Op-Ed: Artificially Intelligent. How to Use AI for Dummies Like Me

I have a love/hate relationship with AI, and I need to tell you about it. In the corporate world, as we all know, time is money and cash is king. I get the benefits of having AI, but, damn, do I feel dumb and lazy when I use it. Here’s a venting session about my thoughts on AI.

Section 1 | You Hypocrite!

Now, I’ll preface, I use AI to generate the images for this blog. I know! I know! I don’t like taking away from true artists. As the war against AI art carries on, just know, I’m a huge hypocrite. I also use AI as a crutch while researching. I don’t pump-and-dump in articles asking for a synopsis, but I’ll cross reference AI’s output against what I’ve read and obtained. Most of the time, it’s spot on with my current understanding. I’m not in a place where I can bounce ideas off a peer, so it’s nice to have a sanity check.
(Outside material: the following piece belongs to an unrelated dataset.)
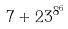Convert formula to latex. <formula><loc_0><loc_0><loc_500><loc_500>7 + 2 3 ^ { 8 ^ { 6 } }</formula>

I use AI to make funny images on a free-to-read blog. I use AI as a peer to cross reference my existing knowledge against. I’ll keep AI in my toolbelt for when it’s sparingly needed. Even though I’m an automation specialist, I can’t support the current trend of cramming AI into everything.

Section 2 | Take Pride in Your Work

AI should be used as a supplemental tool, a digital monkey wrench to fix a leaky faucet. What AI should not do is replace years of experience, knowledge, and technique. AI should not replace the trials-by-fire that come with professional growth. I’ll spend hours configuring servers for a project by reviewing documentation and forum posts. If I use AI to tell me exactly what to build and how, I’m not learning anything. I doubt that the steps I take to build this system would even retain in memory if I relied solely on AI’s guidance. And what about the “gotchas”; the caveats and nuances? Just keep yelling at my AI bot to give me the correct answer, I guess?

Here’s an example: coding. Yes, AI can make some smooth scripts and lines of code, but if I just copy and paste the output, I’m not strengthening my skills. The more I grow my skills, the more often I can come to the next problem and go “Ah! I remember using the Start-BITSTransfer cmdlet. I can use that here on this project”.

The need for professional experience is being shorted by AI, and that’s depressing to me.

Section 3 | “Prompt: Write my a summary of this blog post”

Referring to the heading — I would never do that. AI could probably write me a soulless summary of this post. Then I could ask it to make the summary more engaging, and probably even translate it to Spanish. But I just can’t work up the nerve to do that. Artificial Intelligence has its place, but we can’t use and abuse it. We can’t cram it into every facet of our lives. What is that doing for us? It’s eliminating personal growth.